Stored data
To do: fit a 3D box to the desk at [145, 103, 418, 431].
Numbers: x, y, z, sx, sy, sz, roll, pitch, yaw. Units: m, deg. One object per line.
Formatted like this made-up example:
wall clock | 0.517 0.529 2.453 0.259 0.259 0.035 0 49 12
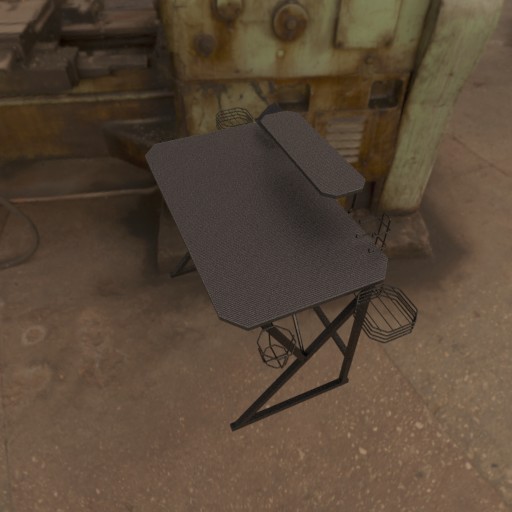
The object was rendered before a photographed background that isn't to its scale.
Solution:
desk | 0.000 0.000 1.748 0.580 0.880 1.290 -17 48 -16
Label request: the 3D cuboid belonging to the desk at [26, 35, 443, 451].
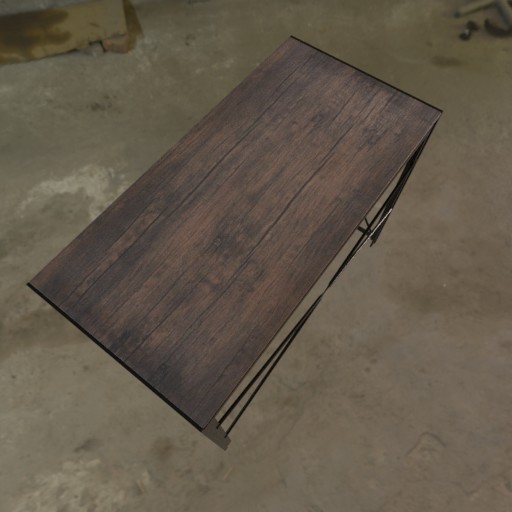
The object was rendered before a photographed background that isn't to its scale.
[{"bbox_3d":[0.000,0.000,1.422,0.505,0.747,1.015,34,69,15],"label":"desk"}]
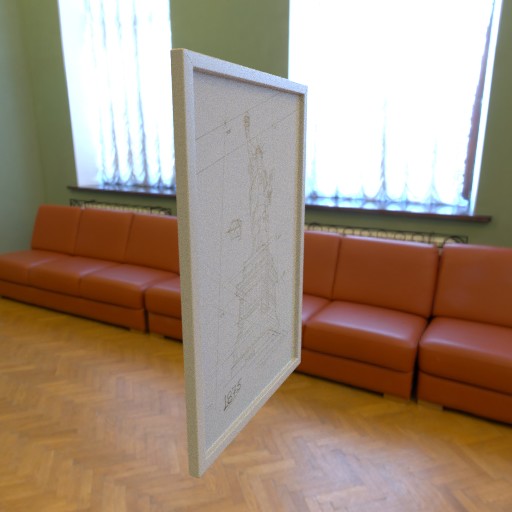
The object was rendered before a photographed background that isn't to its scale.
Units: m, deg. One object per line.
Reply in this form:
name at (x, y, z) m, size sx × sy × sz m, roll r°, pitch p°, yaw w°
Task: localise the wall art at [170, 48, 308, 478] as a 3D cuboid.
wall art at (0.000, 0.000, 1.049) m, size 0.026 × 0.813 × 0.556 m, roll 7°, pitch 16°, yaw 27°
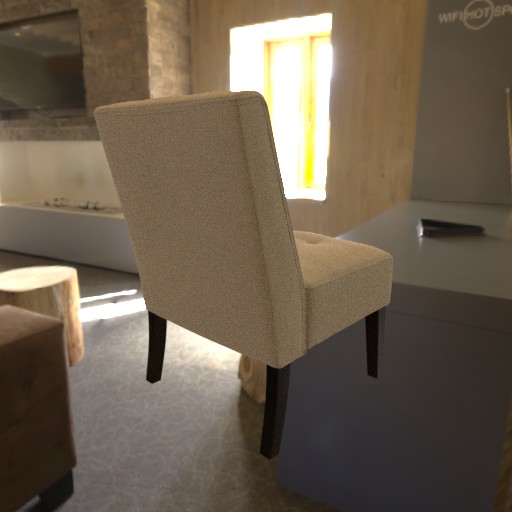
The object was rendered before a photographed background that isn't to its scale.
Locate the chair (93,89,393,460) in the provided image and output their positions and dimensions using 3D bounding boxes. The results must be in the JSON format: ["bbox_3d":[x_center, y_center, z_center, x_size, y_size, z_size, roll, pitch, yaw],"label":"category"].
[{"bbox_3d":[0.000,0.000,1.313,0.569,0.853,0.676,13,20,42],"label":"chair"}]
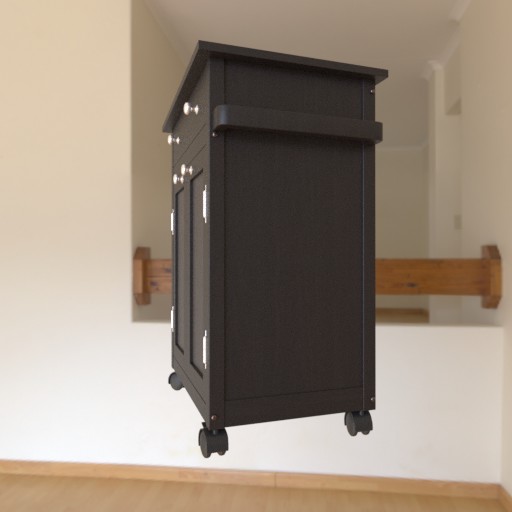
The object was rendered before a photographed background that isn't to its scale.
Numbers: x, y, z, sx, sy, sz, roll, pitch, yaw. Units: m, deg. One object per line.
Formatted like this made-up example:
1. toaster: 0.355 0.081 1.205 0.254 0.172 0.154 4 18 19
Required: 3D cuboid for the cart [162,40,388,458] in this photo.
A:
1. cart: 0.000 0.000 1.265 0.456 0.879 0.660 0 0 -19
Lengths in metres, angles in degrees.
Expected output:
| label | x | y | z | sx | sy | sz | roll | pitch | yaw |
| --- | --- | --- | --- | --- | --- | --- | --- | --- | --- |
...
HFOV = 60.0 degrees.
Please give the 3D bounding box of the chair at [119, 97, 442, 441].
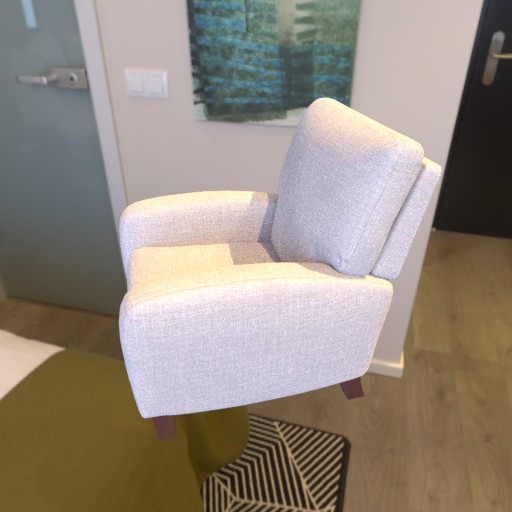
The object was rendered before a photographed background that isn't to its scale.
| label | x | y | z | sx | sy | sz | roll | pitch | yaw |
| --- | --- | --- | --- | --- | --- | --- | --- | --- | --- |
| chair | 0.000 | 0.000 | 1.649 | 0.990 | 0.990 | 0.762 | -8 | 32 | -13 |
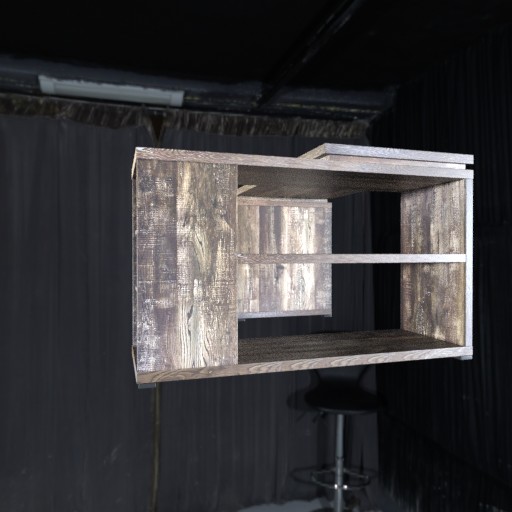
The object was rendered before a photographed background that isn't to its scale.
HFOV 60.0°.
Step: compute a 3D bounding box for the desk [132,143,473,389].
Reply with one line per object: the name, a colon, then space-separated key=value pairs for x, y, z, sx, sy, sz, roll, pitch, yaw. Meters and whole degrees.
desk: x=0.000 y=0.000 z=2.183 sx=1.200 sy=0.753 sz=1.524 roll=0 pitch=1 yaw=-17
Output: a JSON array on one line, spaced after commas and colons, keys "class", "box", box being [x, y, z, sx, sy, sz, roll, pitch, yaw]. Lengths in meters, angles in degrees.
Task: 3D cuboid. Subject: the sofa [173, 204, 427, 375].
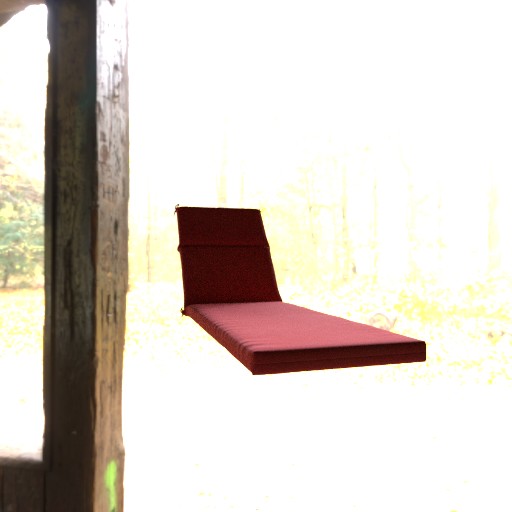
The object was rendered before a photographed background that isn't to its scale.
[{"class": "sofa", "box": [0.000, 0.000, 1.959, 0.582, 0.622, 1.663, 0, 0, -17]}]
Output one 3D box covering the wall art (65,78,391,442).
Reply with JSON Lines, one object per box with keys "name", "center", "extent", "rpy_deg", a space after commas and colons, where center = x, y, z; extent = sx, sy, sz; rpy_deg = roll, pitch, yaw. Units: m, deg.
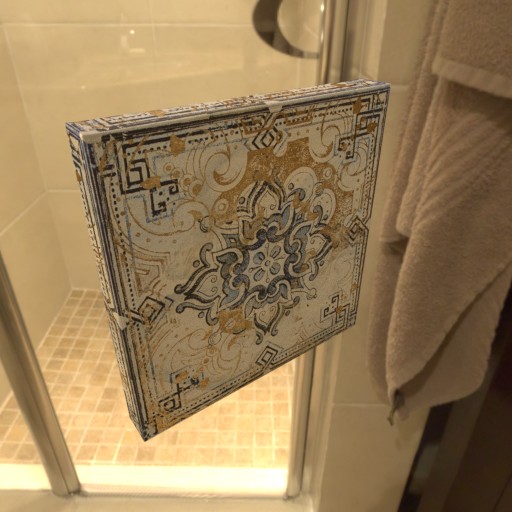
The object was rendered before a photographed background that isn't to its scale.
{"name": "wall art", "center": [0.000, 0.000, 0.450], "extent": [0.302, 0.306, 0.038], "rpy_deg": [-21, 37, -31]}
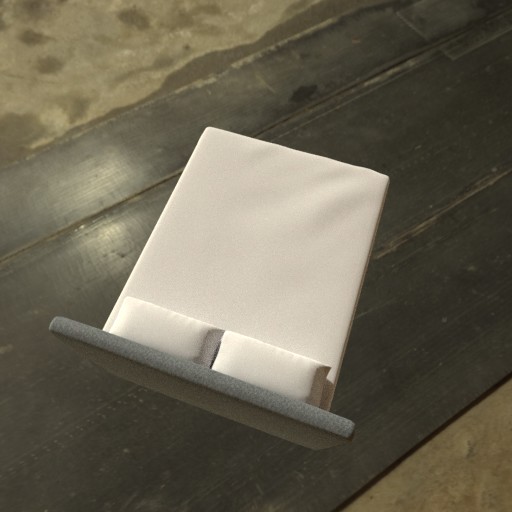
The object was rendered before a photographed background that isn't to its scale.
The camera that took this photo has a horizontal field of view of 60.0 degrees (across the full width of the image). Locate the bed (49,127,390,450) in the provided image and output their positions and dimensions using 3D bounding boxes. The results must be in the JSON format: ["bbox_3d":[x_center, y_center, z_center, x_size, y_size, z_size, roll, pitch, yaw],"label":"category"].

**Task objective**.
Every record above should be transcribed exactly; the pictures stay out of the copy.

**Completed exercise**.
To do: fit a 3D box to the desk at [145, 103, 418, 431].
Numbers: x, y, z, sx, sy, sz, roll, pitch, yaw. Units: m, deg. One object per line.
Formatted like this made-up example:
wall clock | 0.517 0.529 2.453 0.259 0.259 0.035 0 49 12
The object was rendered before a photographed background that isn't to its scale.
Solution:
desk | 0.000 0.000 1.748 0.580 0.880 1.290 -17 48 -16
Label request: the 3D cuboid belonging to the desk at [26, 35, 443, 451].
The object was rendered before a photographed background that isn't to its scale.
[{"bbox_3d":[0.000,0.000,1.422,0.505,0.747,1.015,34,69,15],"label":"desk"}]
The object was rendered before a photographed background that isn't to its scale.
Units: m, deg. One object per line.
Reply in this form:
name at (x, y, z) m, size sx × sy × sz m, roll r°, pitch p°, yaw w°
Task: localise the wall art at [170, 48, 308, 478] as a 3D cuboid.
wall art at (0.000, 0.000, 1.049) m, size 0.026 × 0.813 × 0.556 m, roll 7°, pitch 16°, yaw 27°
The object was rendered before a photographed background that isn't to its scale.
Locate the chair (93,89,393,460) in the provided image and output their positions and dimensions using 3D bounding boxes. The results must be in the JSON format: ["bbox_3d":[x_center, y_center, z_center, x_size, y_size, z_size, roll, pitch, yaw],"label":"category"].
[{"bbox_3d":[0.000,0.000,1.313,0.569,0.853,0.676,13,20,42],"label":"chair"}]
The object was rendered before a photographed background that isn't to its scale.
Numbers: x, y, z, sx, sy, sz, roll, pitch, yaw. Units: m, deg. One object per line.
Formatted like this made-up example:
1. toaster: 0.355 0.081 1.205 0.254 0.172 0.154 4 18 19
Required: 3D cuboid for the cart [162,40,388,458] in this photo.
A:
1. cart: 0.000 0.000 1.265 0.456 0.879 0.660 0 0 -19
Lengths in metres, angles in degrees.
Expected output:
| label | x | y | z | sx | sy | sz | roll | pitch | yaw |
| --- | --- | --- | --- | --- | --- | --- | --- | --- | --- |
...
HFOV = 60.0 degrees.
Please give the 3D bounding box of the chair at [119, 97, 442, 441].
The object was rendered before a photographed background that isn't to its scale.
| label | x | y | z | sx | sy | sz | roll | pitch | yaw |
| --- | --- | --- | --- | --- | --- | --- | --- | --- | --- |
| chair | 0.000 | 0.000 | 1.649 | 0.990 | 0.990 | 0.762 | -8 | 32 | -13 |
The object was rendered before a photographed background that isn't to its scale.
HFOV 60.0°.
Step: compute a 3D bounding box for the desk [132,143,473,389].
Reply with one line per object: the name, a colon, then space-separated key=value pairs for x, y, z, sx, sy, sz, roll, pitch, yaw. Meters and whole degrees.
desk: x=0.000 y=0.000 z=2.183 sx=1.200 sy=0.753 sz=1.524 roll=0 pitch=1 yaw=-17
Output: a JSON array on one line, spaced after commas and colons, keys "class", "box", box being [x, y, z, sx, sy, sz, roll, pitch, yaw]. Lengths in meters, angles in degrees.
Task: 3D cuboid. Subject: the sofa [173, 204, 427, 375].
The object was rendered before a photographed background that isn't to its scale.
[{"class": "sofa", "box": [0.000, 0.000, 1.959, 0.582, 0.622, 1.663, 0, 0, -17]}]
Output one 3D box covering the wall art (65,78,391,442).
Reply with JSON Lines, one object per box with keys "name", "center", "extent", "rpy_deg", a space after commas and colons, where center = x, y, z; extent = sx, sy, sz; rpy_deg = roll, pitch, yaw. Units: m, deg.
The object was rendered before a photographed background that isn't to its scale.
{"name": "wall art", "center": [0.000, 0.000, 0.450], "extent": [0.302, 0.306, 0.038], "rpy_deg": [-21, 37, -31]}
The object was rendered before a photographed background that isn't to its scale.
The camera that took this photo has a horizontal field of view of 60.0 degrees (across the full width of the image). Locate the bed (49,127,390,450) in the provided image and output their positions and dimensions using 3D bounding boxes. The results must be in the JSON format: ["bbox_3d":[x_center, y_center, z_center, x_size, y_size, z_size, roll, pitch, yaw],"label":"category"].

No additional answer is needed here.